When he stood back up, his father was weeping. Fargus had never seen a man cry before, and he was frightened. He knew that his mother always made him feel better when he cried, so he ran downstairs to find her, but she wasn’t in the house.

She was standing out on the cliffs, staring down at the ocean. Fargus ran to her and was about to ask her to go upstairs when he saw what she was looking at. A large ship—six sails at least—was smashed against the rocks. A fire blazed and men were jumping into the water, swimming for the safety of the shore, only to be pulled under by the current. Fargus heard screaming, smelled smoke, and felt the explosion of gunpowder.

“Can we help them?” Fargus asked.

“No,” his mother said in a grave voice. “They are finished. As are we.” She turned and walked back to the lighthouse.

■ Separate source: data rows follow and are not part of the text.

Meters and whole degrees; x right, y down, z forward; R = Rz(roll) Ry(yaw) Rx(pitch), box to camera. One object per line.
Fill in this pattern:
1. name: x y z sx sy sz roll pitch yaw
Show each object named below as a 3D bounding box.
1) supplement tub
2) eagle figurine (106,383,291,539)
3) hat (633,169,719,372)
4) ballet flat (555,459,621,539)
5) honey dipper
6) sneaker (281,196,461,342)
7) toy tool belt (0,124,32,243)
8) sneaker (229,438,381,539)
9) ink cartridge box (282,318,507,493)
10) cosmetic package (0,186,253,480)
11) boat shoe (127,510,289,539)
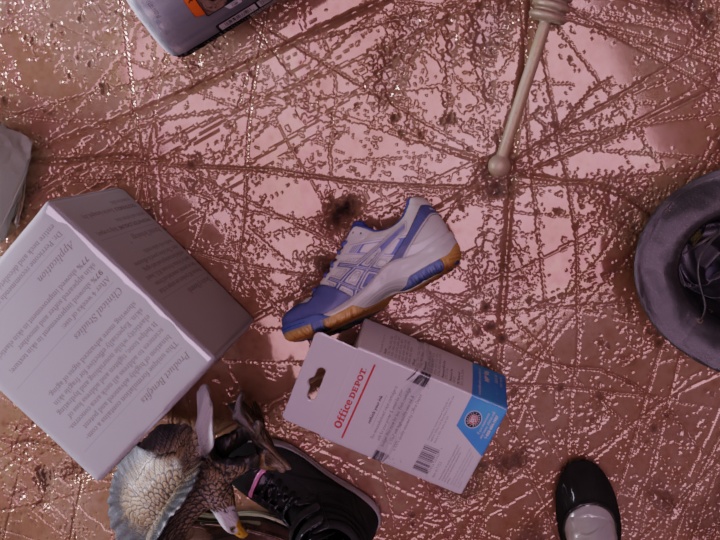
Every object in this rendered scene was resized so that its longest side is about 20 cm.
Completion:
1. supplement tub: -0.117 -0.295 0.714 0.199 0.123 0.123 -29 97 8
2. eagle figurine: -0.166 0.218 0.757 0.199 0.152 0.151 -33 77 -8
3. hat: 0.359 0.003 0.761 0.199 0.081 0.203 0 92 6
4. ballet flat: 0.245 0.303 0.824 0.067 0.068 0.202 -5 99 5
5. honey dipper: 0.165 -0.188 0.762 0.038 0.038 0.202 15 103 1
6. sneaker: 0.000 0.000 0.794 0.199 0.075 0.089 -29 80 6
7. toy tool belt: -0.416 -0.067 0.788 0.122 0.125 0.201 29 98 30
8. sneaker: -0.071 0.243 0.817 0.199 0.099 0.071 28 102 0
9. ink cartridge box: 0.034 0.129 0.795 0.199 0.068 0.117 23 114 -1
10. cosmetic package: -0.243 0.052 0.760 0.200 0.166 0.167 45 100 -4
11. boat shoe: -0.154 0.302 0.844 0.200 0.075 0.075 7 100 2

That night, as Fargus lay in bed, he heard his parents fighting downstairs. He heard his name uttered several times, and he awaited his punishment. The fight didn’t end, though, until early in the morning. His mother entered his room, eyes red from crying, carrying a small sack. As she knelt by him, she explained in a soft voice that he needed to leave the house immediately. At first Fargus thought this was his punishment, but she told him that they were all in danger. The Master’s servants would be arriving soon to interrogate them about the shipwreck. She made him get dressed and handed him the sack of bread and meat. Fargus wished she would yell at him or spank him. Nothing was worse, he thought, than her sad smile.

He walked numbly downstairs to the front door. His father instructed him to hide behind the coal box until the interrogation was over. His parents walked him outside, and his father said that if anything should happen to him and his mother, Fargus should follow the rising sun. His father shook his hand, as Fargus had seen him do with adults, and his mother bent over him and whispered into his ear, “We love you.” Then she tucked a family picture into his pocket.

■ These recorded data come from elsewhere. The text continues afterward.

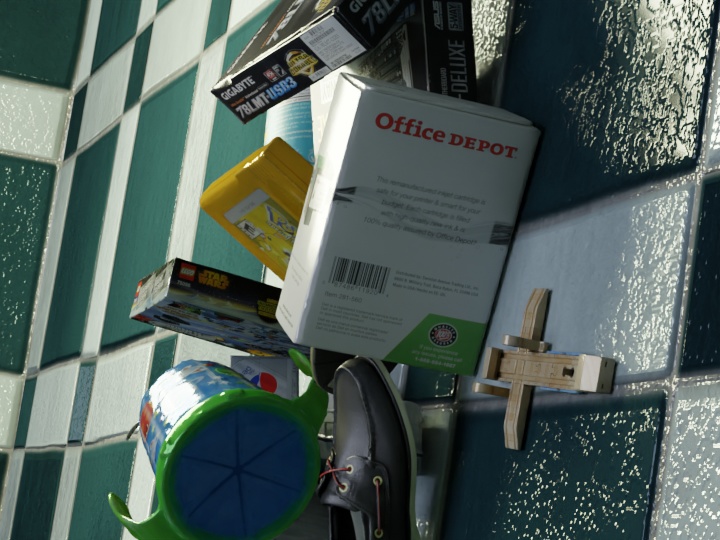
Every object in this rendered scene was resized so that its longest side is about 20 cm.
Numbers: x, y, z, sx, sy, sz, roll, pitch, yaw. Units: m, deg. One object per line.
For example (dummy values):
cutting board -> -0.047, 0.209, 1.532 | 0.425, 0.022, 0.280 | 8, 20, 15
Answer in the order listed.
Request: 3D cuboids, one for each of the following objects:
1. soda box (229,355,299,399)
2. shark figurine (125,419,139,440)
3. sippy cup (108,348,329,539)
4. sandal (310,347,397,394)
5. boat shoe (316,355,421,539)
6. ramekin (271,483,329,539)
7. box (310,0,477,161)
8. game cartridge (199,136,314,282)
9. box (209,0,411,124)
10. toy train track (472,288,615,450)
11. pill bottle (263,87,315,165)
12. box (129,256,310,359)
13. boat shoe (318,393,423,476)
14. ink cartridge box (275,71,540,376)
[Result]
soda box -> -0.089, 0.158, 1.931 | 0.200, 0.063, 0.068 | 95, 175, -54
shark figurine -> -0.123, 0.162, 2.062 | 0.089, 0.215, 0.128 | 29, 77, 36
sippy cup -> -0.117, 0.138, 1.737 | 0.130, 0.177, 0.140 | -137, 45, -58
sandal -> 0.001, -0.001, 1.697 | 0.057, 0.080, 0.202 | -178, 94, -73
boat shoe -> 0.003, 0.164, 1.622 | 0.074, 0.063, 0.202 | 6, 103, 60
ramekin -> -0.074, 0.268, 1.836 | 0.200, 0.105, 0.201 | -169, 90, -74
box -> 0.026, -0.130, 1.759 | 0.200, 0.050, 0.158 | -13, 78, 61
game cartridge -> -0.042, -0.027, 1.820 | 0.032, 0.176, 0.200 | -51, 9, -18
box -> -0.010, -0.224, 1.740 | 0.198, 0.050, 0.200 | -20, 29, 53
toy train track -> 0.118, 0.066, 1.469 | 0.200, 0.032, 0.115 | 179, 101, -72
pill bottle -> -0.030, -0.133, 1.940 | 0.111, 0.110, 0.201 | 136, 142, -62
box -> -0.087, 0.043, 1.857 | 0.137, 0.199, 0.040 | 155, 130, -68
boat shoe -> -0.002, 0.115, 1.754 | 0.202, 0.074, 0.086 | 180, 101, -70
ink cartridge box -> 0.034, -0.036, 1.611 | 0.084, 0.146, 0.201 | -133, 56, -69

Fargus crouched behind the coal box as he was told, afraid that his trembling was audible. Soon he heard the sound of men on horseback approaching the lighthouse. Although he could see nothing, he guessed there were around a dozen of them, and before Fargus’s parents could say a word, the men dismounted their horses and accused Fargus’s father of negligence. He was responsible, they said, for repaying a debt to the Master equal to the price of a vessel, a hundred men, livestock, and rare spices found only on the Isle of Sharlen. When his father said he didn’t have the money, the men seized both him and Fargus’s mother. Fargus could hear her crying as they tied her up and forced her onto one of the horses. His father, a tall, robust man, did not struggle, and Fargus knew it was because he was afraid of the men discovering his son.

All the while Fargus listened, wanting to cry out, wanting to help. But when he opened his mouth, ready to protest, to scream, he found, to his horror and surprise, that nothing came out. His voice had abandoned him.